Yasser Arafat, Mister Palestine for ever
Papier paru le 9 novembre 2009, réactualisé le 10 septembre 2011
René Naba | 17/09/2011 | Paris
Illustration: Avec le président palestinien Yasser Arafat au Sommet des non-alignés à Harare (Zimbabwe), juin 1988, à la suite du discours dans lequel le chef de l’Organisation de Libération de la Palestine souscrivait pour la première fois à la résolution 242 du Conseil de sécurité de l’ONU prescrivant un règlement d’ensemble du conflit israélo-palestinien.
Epilogue de 63 ans de combat, le président palestinien Mahmoud Abbas présente le 23 septembre 2011 la demande d’adhésion à part entière d’un Etat de Palestine aux Nations unies en vue de crever l’abcès d’un demi siècle de procédés diplomatiques dilatoires, en plaçant les états occidentaux devant leurs propres responsabilités dans cette tragédie; une démarche qui marque tout à la fois le triomphe posthume de Yasser Arafat, la deuxième mort symbolique du général Ariel Sharon, son ennemi le plus irréductible, transformé depuis cinq ans en «légumes» et le test des véritables intentions américaines à l’égard d’Israël, un pays dont ils paraissent souvent en être l’otage.
Retour sur une vie de combat d’un homme sans lequel la Palestine aurait été rayée de la carte du monde.

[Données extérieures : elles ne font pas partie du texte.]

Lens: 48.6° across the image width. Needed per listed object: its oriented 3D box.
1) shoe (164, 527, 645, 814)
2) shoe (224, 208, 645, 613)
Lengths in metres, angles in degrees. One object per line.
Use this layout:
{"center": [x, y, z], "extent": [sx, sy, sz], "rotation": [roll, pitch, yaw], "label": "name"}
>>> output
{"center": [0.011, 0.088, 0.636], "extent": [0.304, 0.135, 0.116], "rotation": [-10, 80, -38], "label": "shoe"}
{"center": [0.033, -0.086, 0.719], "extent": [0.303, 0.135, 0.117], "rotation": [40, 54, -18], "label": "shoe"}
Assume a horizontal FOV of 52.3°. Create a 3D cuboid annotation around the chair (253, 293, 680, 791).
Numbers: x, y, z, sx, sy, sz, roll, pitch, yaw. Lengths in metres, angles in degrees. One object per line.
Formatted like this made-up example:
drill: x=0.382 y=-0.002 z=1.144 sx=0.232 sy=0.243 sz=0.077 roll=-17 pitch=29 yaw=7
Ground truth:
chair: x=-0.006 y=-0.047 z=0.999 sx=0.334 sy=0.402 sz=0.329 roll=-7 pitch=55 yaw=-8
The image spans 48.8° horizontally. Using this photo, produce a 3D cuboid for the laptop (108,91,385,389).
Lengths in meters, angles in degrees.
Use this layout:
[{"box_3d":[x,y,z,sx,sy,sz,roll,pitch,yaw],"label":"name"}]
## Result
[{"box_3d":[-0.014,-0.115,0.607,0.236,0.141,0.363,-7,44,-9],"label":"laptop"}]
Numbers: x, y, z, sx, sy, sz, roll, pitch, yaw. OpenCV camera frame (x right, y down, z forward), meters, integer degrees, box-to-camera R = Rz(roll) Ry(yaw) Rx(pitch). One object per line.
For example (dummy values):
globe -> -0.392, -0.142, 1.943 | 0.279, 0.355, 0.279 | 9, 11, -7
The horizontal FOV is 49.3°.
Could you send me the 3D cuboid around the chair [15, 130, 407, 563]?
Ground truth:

Rien, absolument rien, ne sera épargné à celui que l’on a surnommé parfois, à juste titre, «le plus célèbre rescapé politique de l’époque contemporaine », et ce prix Nobel de la Paix, un des rares arabes à se voir attribuer un tel titre, boira la coupe jusqu’à la lie. Mais le chef palestinien décédera le 11 novembre 2004, sans pourtant n’avoir cédé rien sur rien, sur aucun des droits fondamentaux de son peuple, pas plus sur le droit de disposer de Jérusalem comme capitale que sur le droit de retour de son peuple dans sa patrie d’origine.
Sa stature sans commune mesure avec celle de son terne successeur, Mahmoud Abbas, un bureaucrate affairiste sans envergure et sans charisme, hante encore la conscience occidentale, sept ans après sa mort.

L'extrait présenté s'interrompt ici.